• What needs to be done:
With pictures omitted, output the records below exactly as they appear.

※ ※ ※

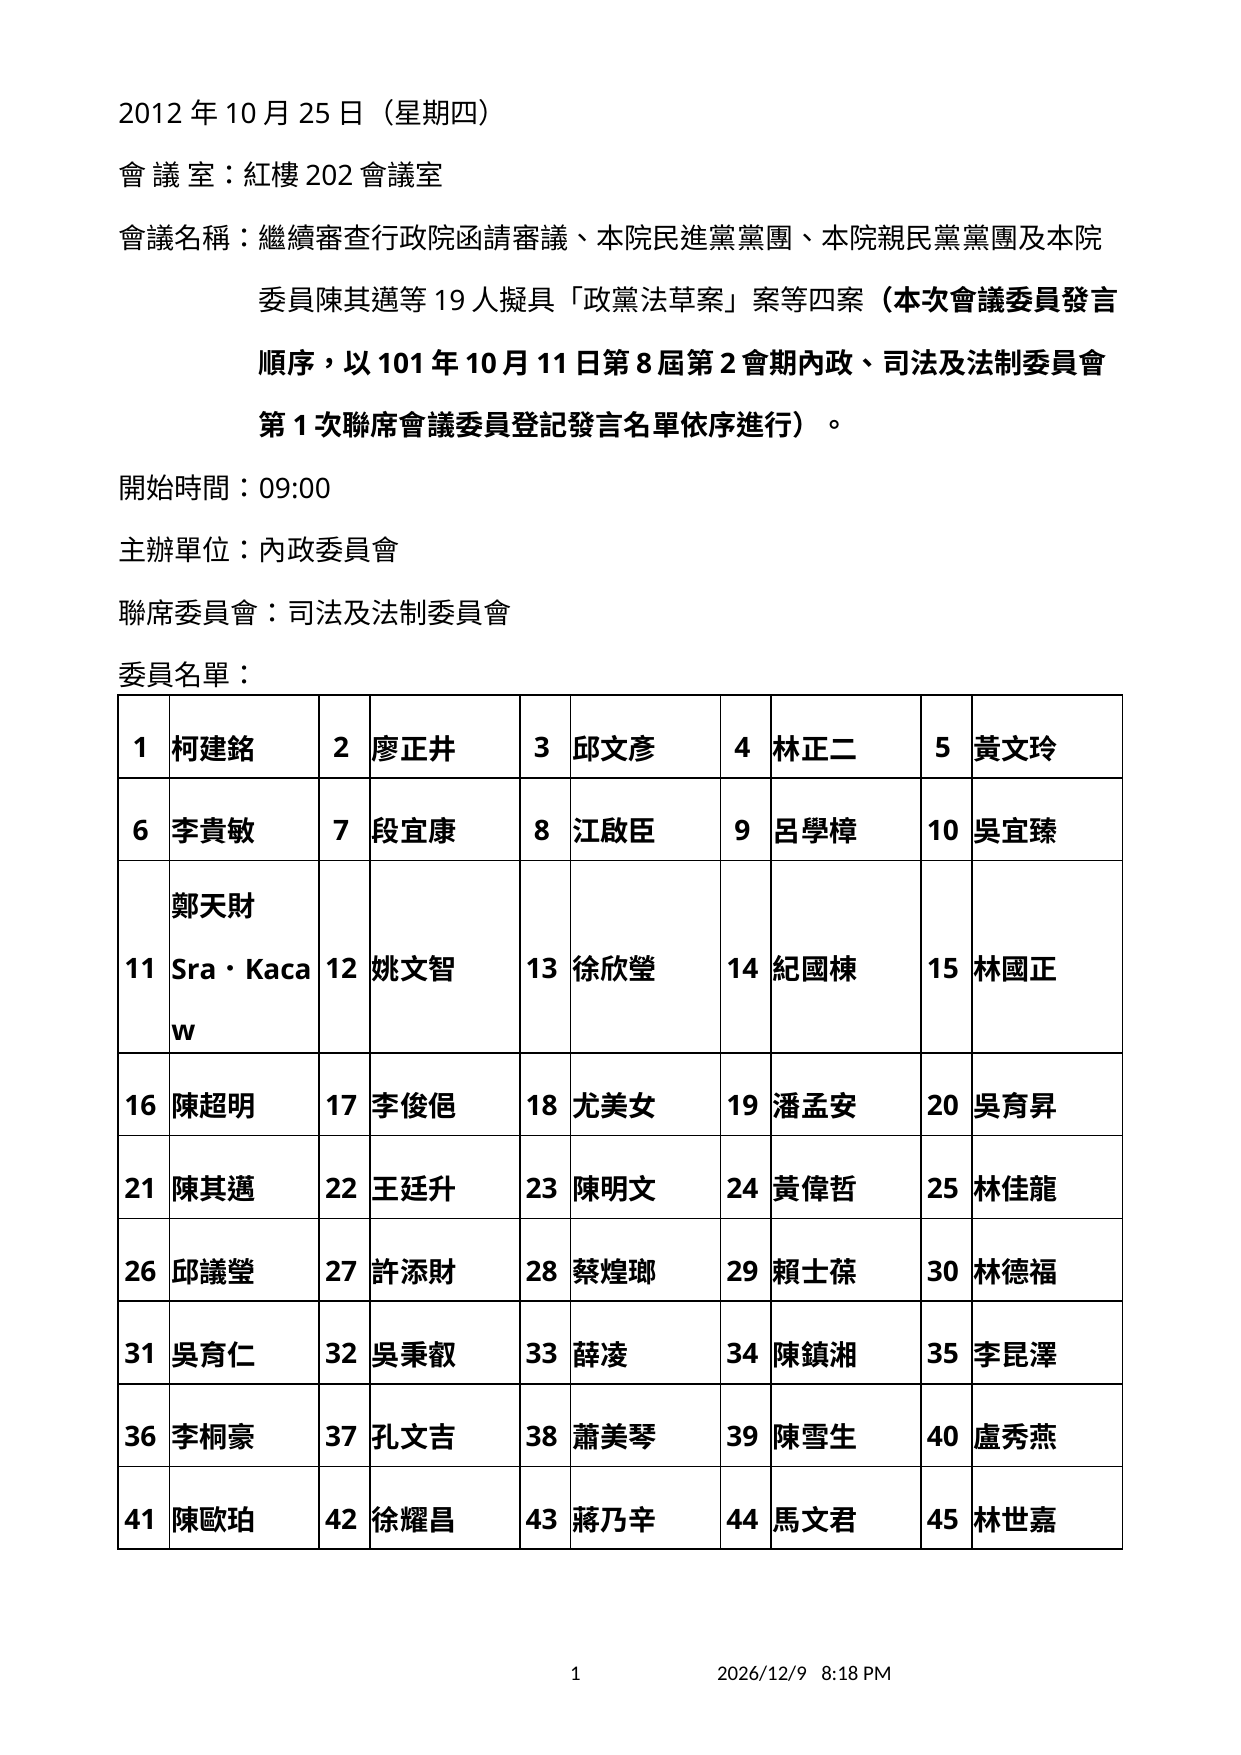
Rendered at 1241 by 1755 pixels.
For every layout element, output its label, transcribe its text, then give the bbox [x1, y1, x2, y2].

table_cell 江啟臣 [571, 779, 720, 860]
table_cell 吳育昇 [973, 1054, 1122, 1135]
table_cell 23 [521, 1136, 570, 1217]
table_cell 24 [721, 1136, 770, 1217]
table_cell 8 [521, 779, 570, 860]
table_cell 43 [521, 1467, 570, 1548]
table_cell 42 [320, 1467, 369, 1548]
table_cell 26 [119, 1219, 169, 1300]
table_cell 賴士葆 [772, 1219, 920, 1300]
table_cell 7 [320, 779, 369, 860]
table_cell 21 [119, 1136, 169, 1217]
table_cell 李桐豪 [170, 1385, 318, 1466]
table_cell 陳明文 [571, 1136, 720, 1217]
table_cell 吳秉叡 [371, 1302, 519, 1383]
table_cell 25 [922, 1136, 971, 1217]
table_cell 尤美女 [571, 1054, 720, 1135]
table_cell 陳雪生 [772, 1385, 920, 1466]
text 聯席委員會：司法及法制委員會 [118, 569, 1122, 632]
table_cell 吳育仁 [170, 1302, 318, 1383]
table_cell 37 [320, 1385, 369, 1466]
table_cell 鄭天財Sra．Kacaw [170, 861, 318, 1052]
table_cell 17 [320, 1054, 369, 1135]
table_cell 9 [721, 779, 770, 860]
table_cell 孔文吉 [371, 1385, 519, 1466]
table_cell 陳鎮湘 [772, 1302, 920, 1383]
text 2012 年 10 月 25 日（星期四） [118, 69, 1122, 132]
table_cell 15 [922, 861, 971, 1052]
table_header 邱文彥 [571, 696, 720, 777]
table_cell 30 [922, 1219, 971, 1300]
table_cell 31 [119, 1302, 169, 1383]
table_cell 王廷升 [371, 1136, 519, 1217]
table_header 3 [521, 696, 570, 777]
table_cell 38 [521, 1385, 570, 1466]
table_header 黃文玲 [973, 696, 1122, 777]
table_cell 林德福 [973, 1219, 1122, 1300]
table_header 柯建銘 [170, 696, 318, 777]
text 會 議 室：紅樓202會議室 [118, 132, 1122, 194]
table_cell 林國正 [973, 861, 1122, 1052]
table_cell 吳宜臻 [973, 779, 1122, 860]
table_header 5 [922, 696, 971, 777]
table_cell 27 [320, 1219, 369, 1300]
table_cell 39 [721, 1385, 770, 1466]
table_cell 12 [320, 861, 369, 1052]
table_cell 40 [922, 1385, 971, 1466]
table_cell 馬文君 [772, 1467, 920, 1548]
table_cell 潘孟安 [772, 1054, 920, 1135]
text 委員名單： [118, 632, 1122, 694]
table_cell 徐耀昌 [371, 1467, 519, 1548]
table_cell 姚文智 [371, 861, 519, 1052]
table_cell 13 [521, 861, 570, 1052]
table_cell 李昆澤 [973, 1302, 1122, 1383]
table_cell 44 [721, 1467, 770, 1548]
table_cell 11 [119, 861, 169, 1052]
table_cell 41 [119, 1467, 169, 1548]
table_header 2 [320, 696, 369, 777]
table_cell 14 [721, 861, 770, 1052]
table_cell 6 [119, 779, 169, 860]
text 主辦單位：內政委員會 [118, 507, 1122, 569]
table_header 4 [721, 696, 770, 777]
table_cell 陳超明 [170, 1054, 318, 1135]
table_header 林正二 [772, 696, 920, 777]
table_cell 10 [922, 779, 971, 860]
table_cell 徐欣瑩 [571, 861, 720, 1052]
table_cell 紀國棟 [772, 861, 920, 1052]
table_header 1 [119, 696, 169, 777]
table_cell 16 [119, 1054, 169, 1135]
table_cell 林世嘉 [973, 1467, 1122, 1548]
table_cell 蔡煌瑯 [571, 1219, 720, 1300]
table_header 廖正井 [371, 696, 519, 777]
table_cell 蕭美琴 [571, 1385, 720, 1466]
table_cell 36 [119, 1385, 169, 1466]
table_cell 李俊俋 [371, 1054, 519, 1135]
table_cell 李貴敏 [170, 779, 318, 860]
table_cell 34 [721, 1302, 770, 1383]
table_cell 黃偉哲 [772, 1136, 920, 1217]
table_cell 33 [521, 1302, 570, 1383]
text 會議名稱：繼續審查行政院函請審議、本院民進黨黨團、本院親民黨黨團及本院委員陳其邁等19人擬具「政黨法草案」案等四案（本次會議委員發言順序，以101年10月11日第8屆第2會期內政、司法及法制委員會第1次聯席會議委員登記發言名單依序進行）。 [118, 194, 1122, 444]
table_cell 28 [521, 1219, 570, 1300]
table_cell 邱議瑩 [170, 1219, 318, 1300]
table_cell 19 [721, 1054, 770, 1135]
table_cell 陳其邁 [170, 1136, 318, 1217]
table_cell 20 [922, 1054, 971, 1135]
table_cell 29 [721, 1219, 770, 1300]
table_cell 許添財 [371, 1219, 519, 1300]
text 開始時間：09:00 [118, 444, 1122, 507]
table_cell 32 [320, 1302, 369, 1383]
table_cell 林佳龍 [973, 1136, 1122, 1217]
table_cell 45 [922, 1467, 971, 1548]
table_cell 薛凌 [571, 1302, 720, 1383]
table_cell 22 [320, 1136, 369, 1217]
table_cell 18 [521, 1054, 570, 1135]
table_cell 35 [922, 1302, 971, 1383]
table_cell 陳歐珀 [170, 1467, 318, 1548]
table_cell 盧秀燕 [973, 1385, 1122, 1466]
table_cell 呂學樟 [772, 779, 920, 860]
table_cell 蔣乃辛 [571, 1467, 720, 1548]
table_cell 段宜康 [371, 779, 519, 860]
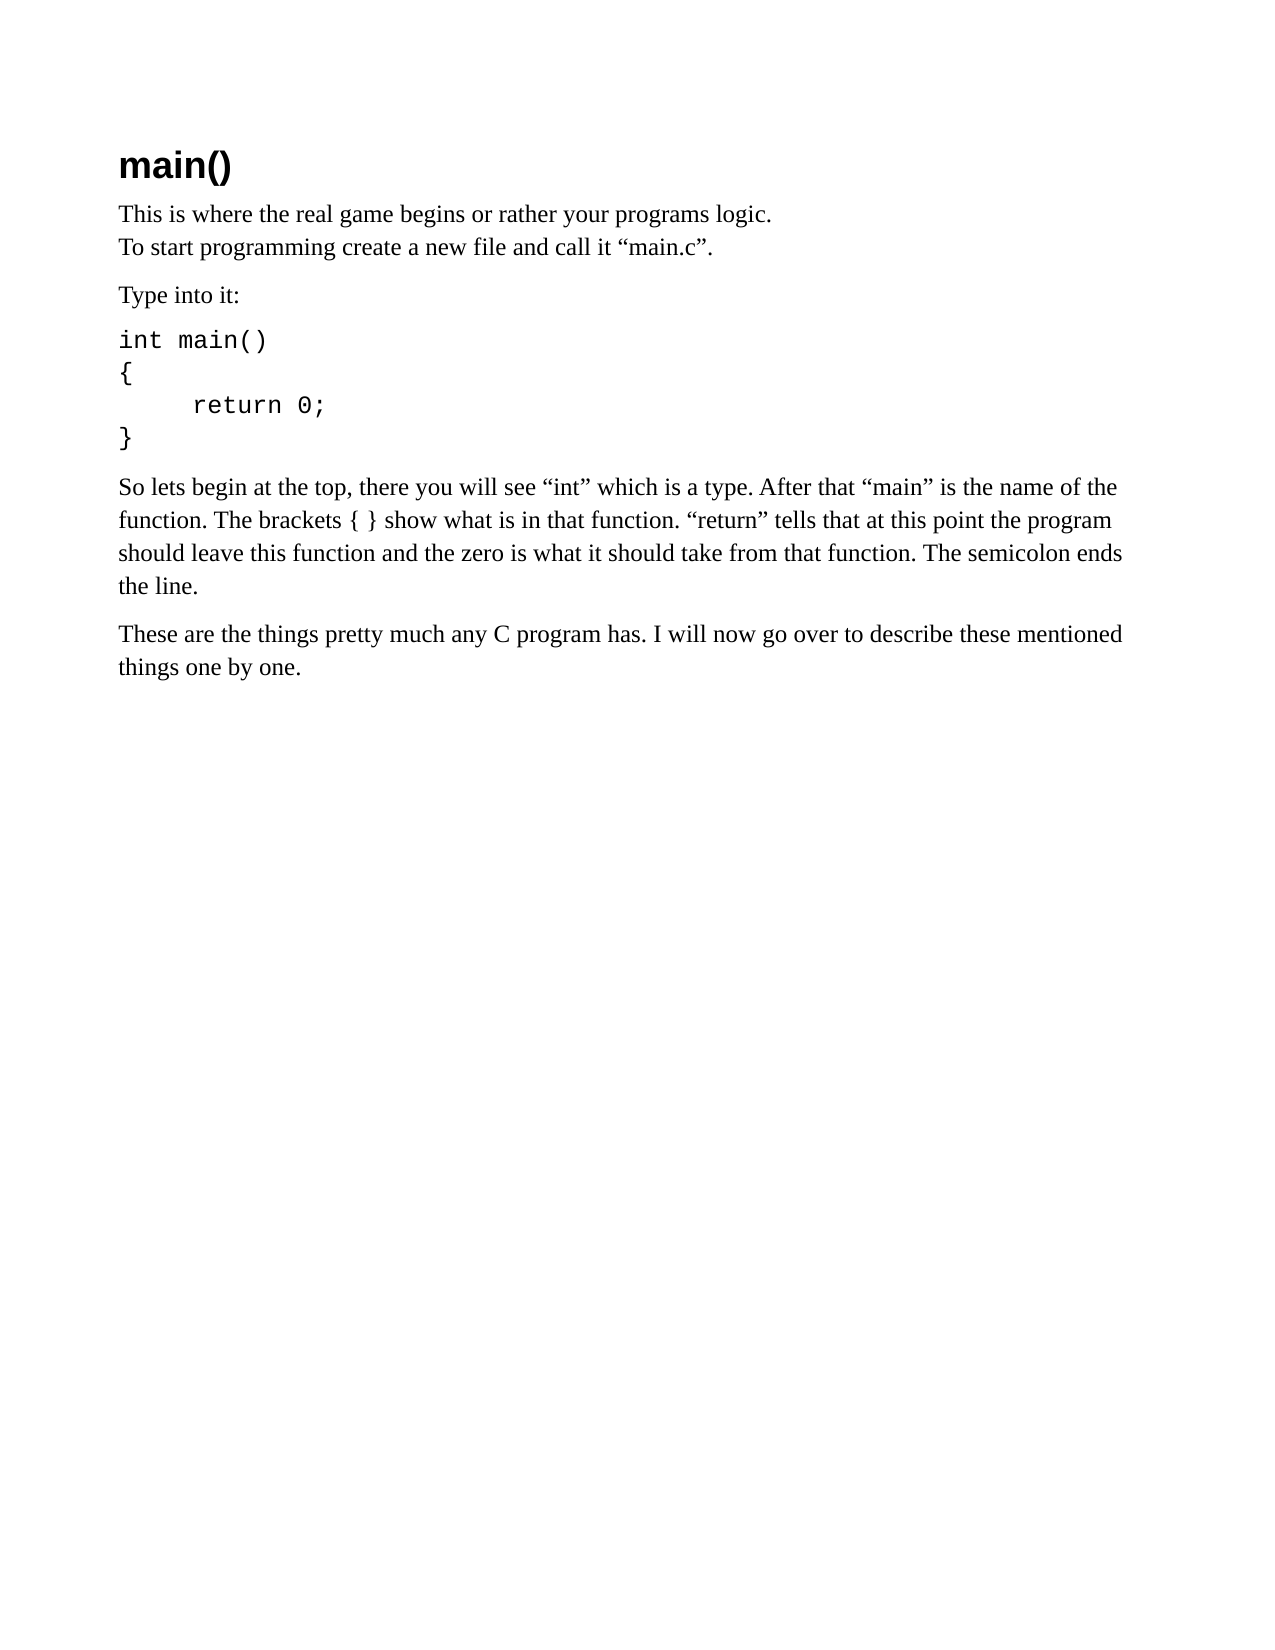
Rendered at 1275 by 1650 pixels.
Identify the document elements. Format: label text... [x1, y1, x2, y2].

subtitle main() [118, 143, 1157, 187]
text These are the things pretty much any C program has. I will now go over to describe these mentioned things one by one. [118, 619, 1157, 681]
text This is where the real game begins or rather your programs logic. To start programming create a new file and call it “main.c”. [118, 199, 1157, 261]
text Type into it: [118, 280, 1157, 309]
text So lets begin at the top, there you will see “int” which is a type. After that “main” is the name of the function. The brackets { } show what is in that function. “return” tells that at this point the program should leave this function and the zero is what it should take from that function. The semicolon ends the line. [118, 472, 1157, 600]
text int main() { return 0; } [118, 327, 1157, 453]

※ ※ ※

• Your response:
Rendered at 1241 by 1755 pixels.
For every layout element, output its label, transcribe its text, then give the bbox [x1, y1, x2, y2].

table_cell 江啟臣 [571, 779, 720, 860]
table_cell 吳育昇 [973, 1054, 1122, 1135]
table_cell 23 [521, 1136, 570, 1217]
table_cell 24 [721, 1136, 770, 1217]
table_cell 8 [521, 779, 570, 860]
table_cell 43 [521, 1467, 570, 1548]
table_cell 42 [320, 1467, 369, 1548]
table_cell 26 [119, 1219, 169, 1300]
table_cell 賴士葆 [772, 1219, 920, 1300]
table_cell 7 [320, 779, 369, 860]
table_cell 21 [119, 1136, 169, 1217]
table_cell 李桐豪 [170, 1385, 318, 1466]
table_cell 陳明文 [571, 1136, 720, 1217]
table_cell 吳秉叡 [371, 1302, 519, 1383]
table_cell 25 [922, 1136, 971, 1217]
table_cell 尤美女 [571, 1054, 720, 1135]
table_cell 陳雪生 [772, 1385, 920, 1466]
text 聯席委員會：司法及法制委員會 [118, 569, 1122, 632]
table_cell 吳育仁 [170, 1302, 318, 1383]
table_cell 37 [320, 1385, 369, 1466]
table_cell 鄭天財Sra．Kacaw [170, 861, 318, 1052]
table_cell 17 [320, 1054, 369, 1135]
table_cell 9 [721, 779, 770, 860]
table_cell 孔文吉 [371, 1385, 519, 1466]
table_cell 陳鎮湘 [772, 1302, 920, 1383]
text 2012 年 10 月 25 日（星期四） [118, 69, 1122, 132]
table_cell 15 [922, 861, 971, 1052]
table_header 邱文彥 [571, 696, 720, 777]
table_cell 30 [922, 1219, 971, 1300]
table_cell 31 [119, 1302, 169, 1383]
table_cell 王廷升 [371, 1136, 519, 1217]
table_header 3 [521, 696, 570, 777]
table_cell 38 [521, 1385, 570, 1466]
table_header 黃文玲 [973, 696, 1122, 777]
table_cell 林德福 [973, 1219, 1122, 1300]
table_header 柯建銘 [170, 696, 318, 777]
text 會 議 室：紅樓202會議室 [118, 132, 1122, 194]
table_cell 林國正 [973, 861, 1122, 1052]
table_cell 吳宜臻 [973, 779, 1122, 860]
table_header 5 [922, 696, 971, 777]
table_cell 27 [320, 1219, 369, 1300]
table_cell 39 [721, 1385, 770, 1466]
table_cell 12 [320, 861, 369, 1052]
table_cell 40 [922, 1385, 971, 1466]
table_cell 馬文君 [772, 1467, 920, 1548]
table_cell 潘孟安 [772, 1054, 920, 1135]
text 委員名單： [118, 632, 1122, 694]
table_cell 徐耀昌 [371, 1467, 519, 1548]
table_cell 姚文智 [371, 861, 519, 1052]
table_cell 13 [521, 861, 570, 1052]
table_cell 李昆澤 [973, 1302, 1122, 1383]
table_cell 44 [721, 1467, 770, 1548]
table_cell 11 [119, 861, 169, 1052]
table_cell 41 [119, 1467, 169, 1548]
table_header 2 [320, 696, 369, 777]
table_cell 14 [721, 861, 770, 1052]
table_cell 6 [119, 779, 169, 860]
text 主辦單位：內政委員會 [118, 507, 1122, 569]
table_header 4 [721, 696, 770, 777]
table_cell 陳超明 [170, 1054, 318, 1135]
table_header 林正二 [772, 696, 920, 777]
table_cell 10 [922, 779, 971, 860]
table_cell 徐欣瑩 [571, 861, 720, 1052]
table_cell 紀國棟 [772, 861, 920, 1052]
table_header 1 [119, 696, 169, 777]
table_cell 16 [119, 1054, 169, 1135]
table_cell 林世嘉 [973, 1467, 1122, 1548]
table_cell 蔡煌瑯 [571, 1219, 720, 1300]
table_header 廖正井 [371, 696, 519, 777]
table_cell 蕭美琴 [571, 1385, 720, 1466]
table_cell 36 [119, 1385, 169, 1466]
table_cell 李俊俋 [371, 1054, 519, 1135]
table_cell 李貴敏 [170, 779, 318, 860]
table_cell 34 [721, 1302, 770, 1383]
table_cell 黃偉哲 [772, 1136, 920, 1217]
table_cell 33 [521, 1302, 570, 1383]
text 會議名稱：繼續審查行政院函請審議、本院民進黨黨團、本院親民黨黨團及本院委員陳其邁等19人擬具「政黨法草案」案等四案（本次會議委員發言順序，以101年10月11日第8屆第2會期內政、司法及法制委員會第1次聯席會議委員登記發言名單依序進行）。 [118, 194, 1122, 444]
table_cell 28 [521, 1219, 570, 1300]
table_cell 邱議瑩 [170, 1219, 318, 1300]
table_cell 19 [721, 1054, 770, 1135]
table_cell 陳其邁 [170, 1136, 318, 1217]
table_cell 20 [922, 1054, 971, 1135]
table_cell 29 [721, 1219, 770, 1300]
table_cell 許添財 [371, 1219, 519, 1300]
text 開始時間：09:00 [118, 444, 1122, 507]
table_cell 32 [320, 1302, 369, 1383]
table_cell 林佳龍 [973, 1136, 1122, 1217]
table_cell 45 [922, 1467, 971, 1548]
table_cell 薛凌 [571, 1302, 720, 1383]
table_cell 22 [320, 1136, 369, 1217]
table_cell 18 [521, 1054, 570, 1135]
table_cell 35 [922, 1302, 971, 1383]
table_cell 陳歐珀 [170, 1467, 318, 1548]
table_cell 盧秀燕 [973, 1385, 1122, 1466]
table_cell 呂學樟 [772, 779, 920, 860]
table_cell 蔣乃辛 [571, 1467, 720, 1548]
table_cell 段宜康 [371, 779, 519, 860]
Rendered at 1275 by 1650 pixels.
Identify the document elements. Format: label text... [x1, y1, x2, y2].

subtitle main() [118, 143, 1157, 187]
text These are the things pretty much any C program has. I will now go over to describe these mentioned things one by one. [118, 619, 1157, 681]
text This is where the real game begins or rather your programs logic. To start programming create a new file and call it “main.c”. [118, 199, 1157, 261]
text Type into it: [118, 280, 1157, 309]
text So lets begin at the top, there you will see “int” which is a type. After that “main” is the name of the function. The brackets { } show what is in that function. “return” tells that at this point the program should leave this function and the zero is what it should take from that function. The semicolon ends the line. [118, 472, 1157, 600]
text int main() { return 0; } [118, 327, 1157, 453]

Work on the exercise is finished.